- **AIM OF THE EXERCISE**: Check each line of the entries below for the word "Linus", and copy out the ones that have it.

(Extracted records)
%%

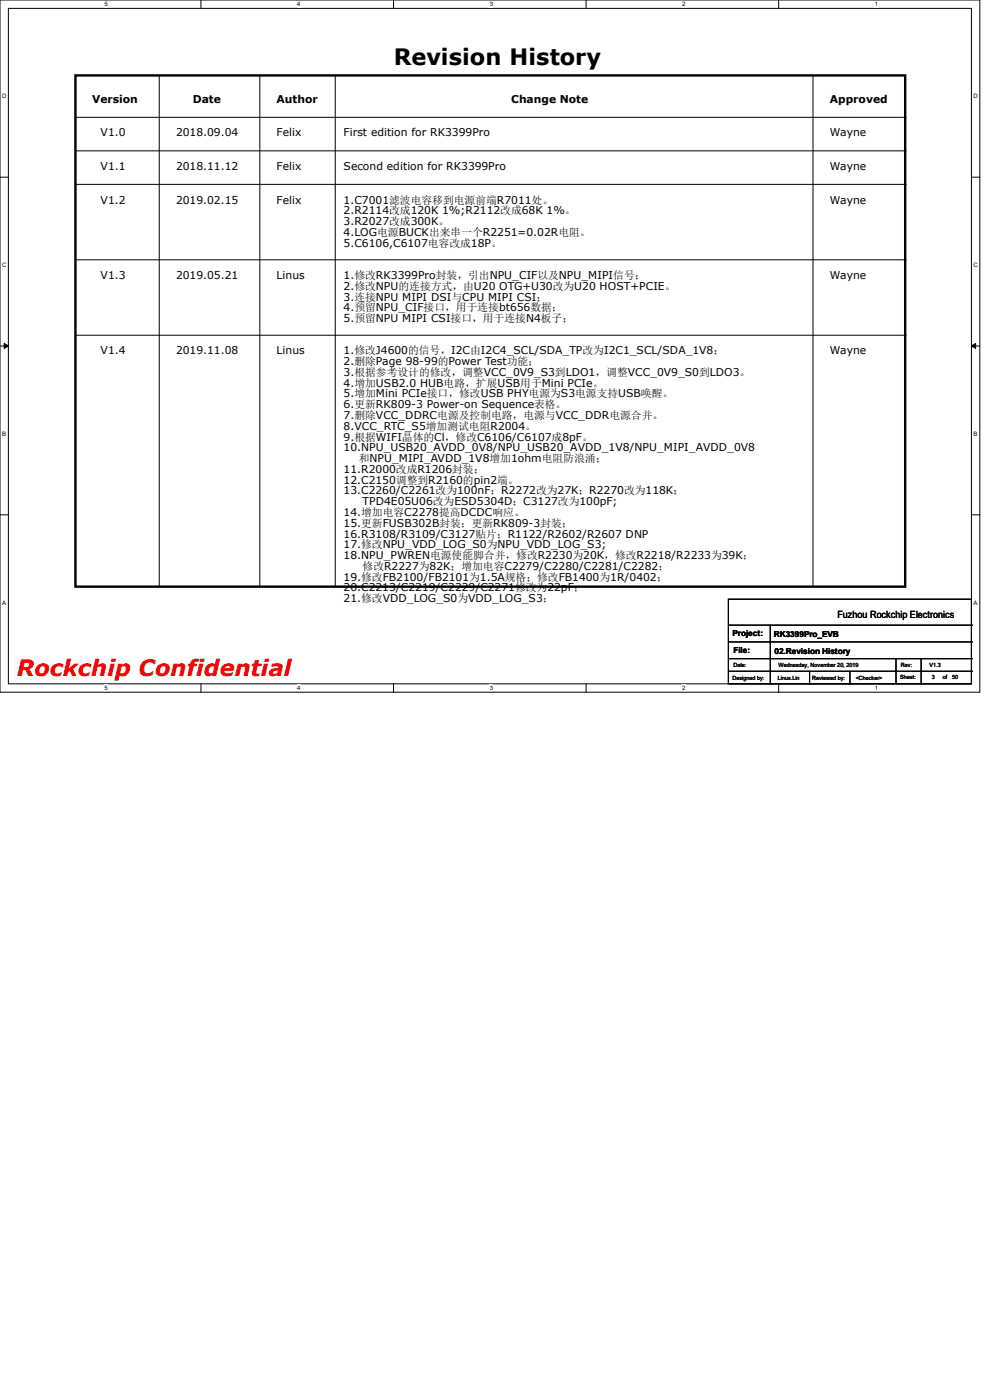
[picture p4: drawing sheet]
<svg xmlns="http://www.w3.org/2000/svg" width="210mm" height="297mm" viewBox="0 0 210 297" stroke-linecap="round" stroke-linejoin="round" font-family="sans-serif">
<defs><g id="words">
<text font-size="4.8" x="83.6" y="13.7">Revision History</text>
<text font-size="4.8" fill="#f00" x="3.6" y="143.5">Rockchip Confidential</text>
<g font-size="2.3">
<text x="19.6" y="21.8">Version</text>
<text x="40.9" y="21.8">Date</text>
<text x="58.7" y="21.8">Author</text>
<text x="108.4" y="21.8">Change Note</text>
<text x="176" y="21.8">Approved</text>
<text x="21.3" y="29">V1.0</text>
<text x="37.3" y="29">2018.09.04</text>
<text x="58.7" y="29">Felix</text>
<text x="72.9" y="29">First edition for RK3399Pro</text>
<text x="176" y="29">Wayne</text>
<text x="21.3" y="36.1">V1.1</text>
<text x="37.3" y="36.1">2018.11.12</text>
<text x="58.7" y="36.1">Felix</text>
<text x="72.9" y="36.1">Second edition for RK3399Pro</text>
<text x="176" y="36.1">Wayne</text>
<text x="21.3" y="43.2">V1.2</text>
<text x="37.3" y="43.2">2019.02.15</text>
<text x="58.7" y="43.2">Felix</text>
<text x="72.9" y="43.2">1.C7001滤波电容移到电源前端R7011处。</text>
<text x="72.9" y="45.5">2.R2114改成120K 1%;R2112改成68K 1%。</text>
<text x="72.9" y="47.8">3.R2027改成300K。</text>
<text x="176" y="43.2">Wayne</text>
<text x="72.9" y="50">4.LOG电源BUCK出来串一个R2251=0.02R电阻。</text>
<text x="72.9" y="52.3">5.C6106,C6107电容改成18P。</text>
<text x="21.3" y="59.2">V1.3</text>
<text x="37.3" y="59.2">2019.05.21</text>
<text x="58.7" y="59.2">Linus</text>
<text x="72.9" y="59.2">1.修改RK3399Pro封装，引出NPU_CIF以及NPU_MIPI信号；</text>
<text x="176" y="59.2">Wayne</text>
<text x="72.9" y="61.5">2.修改NPU的连接方式，由U20 OTG+U30改为U20 HOST+PCIE。</text>
<text x="72.9" y="63.8">3.连接NPU MIPI DSI与CPU MIPI CSI；</text>
<text x="72.9" y="66">4.预留NPU_CIF接口，用于连接bt656数据；</text>
<text x="72.9" y="68.3">5.预留NPU MIPI CSI接口，用于连接N4板子；</text>
<text x="21.3" y="75.2">V1.4</text>
<text x="37.3" y="75.2">2019.11.08</text>
<text x="58.7" y="75.2">Linus</text>
<text x="72.9" y="75.2">1.修改J4600的信号，I2C由I2C4_SCL/SDA_TP改为I2C1_SCL/SDA_1V8；</text>
<text x="72.9" y="77.5">2.删除Page 98-99的Power Test功能；</text>
<text x="176" y="75.2">Wayne</text>
<text x="72.9" y="79.8">3.根据参考设计的修改，调整VCC_0V9_S3到LDO1，调整VCC_0V9_S0到LDO3。</text>
<text x="72.9" y="82">4.增加USB2.0 HUB电路，扩展USB用于Mini PCIe。</text>
<text x="72.9" y="84.3">5.增加Mini PCIe接口，修改USB PHY电源为S3电源支持USB唤醒。</text>
<text x="72.9" y="86.6">6.更新RK809-3 Power-on Sequence表格。</text>
<text x="72.9" y="88.9">7.删除VCC_DDRC电源及控制电路，电源与VCC_DDR电源合并。</text>
<text x="72.9" y="91.2">8.VCC_RTC_S5增加测试电阻R2004。</text>
<text x="72.9" y="93.5">9.根据WIFI晶体的Cl，修改C6106/C6107成8pF。</text>
<text x="72.9" y="95.8">10.NPU_USB20_AVDD_0V8/NPU_USB20_AVDD_1V8/NPU_MIPI_AVDD_0V8</text>
<text x="72.9" y="100.3">11.R2000改成R1206封装；</text>
<text x="76.1" y="98">和NPU_MIPI_AVDD_1V8增加1ohm电阻防浪涌；</text>
<text x="72.9" y="102.6">12.C2150调整到R2160的pin2端。</text>
<text x="72.9" y="104.9">13.C2260/C2261改为100nF；R2272改为27K；R2270改为118K；</text>
<text x="76.9" y="107.2">TPD4E05U06改为ESD5304D；C3127改为100pF;</text>
<text x="72.9" y="109.5">14.增加电容C2278提高DCDC响应。</text>
<text x="72.9" y="111.8">15.更新FUSB302B封装；更新RK809-3封装；</text>
<text x="72.9" y="114">16.R3108/R3109/C3127贴片；R1122/R2602/R2607 DNP</text>
<text x="72.9" y="116.3">17.修改NPU_VDD_LOG_S0为NPU_VDD_LOG_S3;</text>
<text x="72.9" y="118.6">18.NPU_PWREN电源使能脚合并，修改R2230为20K，修改R2218/R2233为39K；</text>
<text x="72.9" y="123.2">19.修改FB2100/FB2101为1.5A规格；修改FB1400为1R/0402；</text>
<text x="72.9" y="125.5">20.C2213/C2219/C2229/C2271修改为22pF；</text>
<text x="76.9" y="120.9">修改R2227为82K；增加电容C2279/C2280/C2281/C2282；</text>
<text x="72.9" y="127.8">21.修改VDD_LOG_S0为VDD_LOG_S3；</text>
</g>
<text font-size="2.1" x="177.6" y="131">Fuzhou Rockchip Electronics</text>
<g font-size="1.7">
<text x="155.4" y="135">Project:</text>
<text x="164.1" y="135.1">RK3399Pro_EVB</text>
<text x="155.6" y="138.5">File:</text>
<text x="164.3" y="138.7">02.Revision History</text>
</g>
<g font-size="1.3">
<text x="22.2" y="1.3">5</text>
<text x="63" y="1.3">4</text>
<text x="103.9" y="1.3">3</text>
<text x="144.7" y="1.3">2</text>
<text x="185.6" y="1.3">1</text>
<text x=".5" y="20.8">D</text>
<text x="206.5" y="20.8">D</text>
<text x=".5" y="56.6">C</text>
<text x="206.5" y="56.6">C</text>
<text x=".5" y="92.5">B</text>
<text x="206.5" y="92.5">B</text>
<text x=".5" y="128.3">A</text>
<text x="206.5" y="128.3">A</text>
<text x="22.2" y="146.4">5</text>
<text x="63" y="146.4">4</text>
<text x="103.9" y="146.4">3</text>
<text x="144.7" y="146.4">2</text>
<text x="185.6" y="146.4">1</text>
</g>
<g font-size="1.2">
<text x="155.6" y="141.6">Date:</text>
<text x="165.2" y="141.6">Wednesday, November 20, 2019</text>
<text x="191.1" y="141.6">Rev:</text>
<text x="197.2" y="141.6">V1.3</text>
<text x="155.4" y="144.3">Designed by:</text>
<text x="165" y="144.3">Linus.Lin</text>
<text x="172.3" y="144.3">Reviewed by:</text>
<text x="181.5" y="144.3">&lt;Checker&gt;</text>
<text x="191" y="144.1">Sheet:</text>
<text x="197.7" y="144.1">3</text>
<text x="200" y="144.1">of</text>
<text x="202" y="144.1">50</text>
</g>
</g></defs>
<path d="M0 0h207.9v146.9h-207.9zM1.8 1.8h204.3v143.3h-204.3z" fill="none" stroke="#000" stroke-width=".21"/>
<g fill="#fff">
<path d="M22.2 .2h.7v1.4h-.7z"/>
<path d="M22.2 145.2h.7v1.4h-.7z"/>
</g>
<path d="M42.6 0v1.8M42.6 145.1v1.8" fill="none" stroke="#000" stroke-width=".21"/>
<g fill="#fff">
<path d="M63 .2h.7v1.4h-.7z"/>
<path d="M63 145.2h.7v1.4h-.7z"/>
</g>
<path d="M83.5 0v1.8M83.5 145.1v1.8" fill="none" stroke="#000" stroke-width=".21"/>
<g fill="#fff">
<path d="M103.9 .2h.7v1.4h-.7z"/>
<path d="M103.9 145.2h.7v1.4h-.7z"/>
</g>
<path d="M124.3 0v1.8M124.3 145.1v1.8" fill="none" stroke="#000" stroke-width=".21"/>
<g fill="#fff">
<path d="M144.7 .2h.7v1.4h-.7z"/>
<path d="M144.7 145.2h.7v1.4h-.7z"/>
</g>
<path d="M165.2 0v1.8M165.2 145.1v1.8" fill="none" stroke="#000" stroke-width=".21"/>
<g fill="#fff">
<path d="M185.6 .2h.7v1.4h-.7z"/>
<path d="M185.6 145.2h.7v1.4h-.7z"/>
<path d="M.5 19.7h.9v1.4h-.9z"/>
<path d="M206.5 19.7h.9v1.4h-.9z"/>
<path d="M.5 55.5h.9v1.4h-.9z"/>
<path d="M206.5 55.5h.9v1.4h-.9z"/>
</g>
<path d="M0 37.6h1.8M206.1 37.6h1.8" fill="none" stroke="#000" stroke-width=".21"/>
<g fill="#fff">
<path d="M.5 91.3h.8v1.4h-.8z"/>
<path d="M206.5 91.3h.8v1.4h-.8z"/>
</g>
<path d="M0 73.4h1.8M206.1 73.4h1.8" fill="none" stroke="#000" stroke-width=".21"/>
<path d="M.9 72.9l.9 .5-.9 .5zM206.1 73.4l.9-.5v1z" fill="#000" stroke="#000" stroke-width=".21"/>
<g fill="#fff">
<path d="M.5 127.1h.8v1.4h-.8z"/>
<path d="M206.5 127.1h.8v1.4h-.8z"/>
</g>
<g fill="none" stroke="#000" stroke-width=".21">
<path d="M33.8 16v108.5M55.1 16v108.5M71.1 16v108.5M172.5 16v108.5M16 24.9h176M16 32h176M16 39.1h176M192 24.9h.1M192 32h.1M192 39.1h.1M16 55.1h176M192 55.1h.1"/>
<path d="M16 71.1h176M192 71.1h.1M0 109.2h1.8M206.1 109.2h1.8M33.8 124.5h.1M55.1 124.5h.1M71.1 124.5h.1M154.5 127.1h51.6v18h-51.6zM154.5 132.6h51.6M154.5 136.2h51.6M154.5 139.7h51.6M163.4 132.6v12.5"/>
<path d="M172.5 124.5h.1M190.1 139.7v5.4M195.4 139.7v5.4M206.1 132.6h.1M206.1 136.2h.1M206.1 139.7h.1M154.5 142.4h51.6M163.4 145.1h.1M171.7 145.1h.1M171.7 142.4v2.7M180.3 145.1h.1M180.3 142.4v2.7"/>
<path d="M190.1 145.1h.1M195.4 145.1h.1M206.1 142.4h.1"/>
</g>
<path d="M16 16h176v108.5h-176z" fill="none" stroke="#000" stroke-width=".51"/>
<use href="#words"/>
</svg>

%%

- **RESULT FOR THIS EXERCISE**:
<text x="58.7" y="59.2">Linus</text>
<text x="58.7" y="75.2">Linus</text>
<text x="165" y="144.3">Linus.Lin</text>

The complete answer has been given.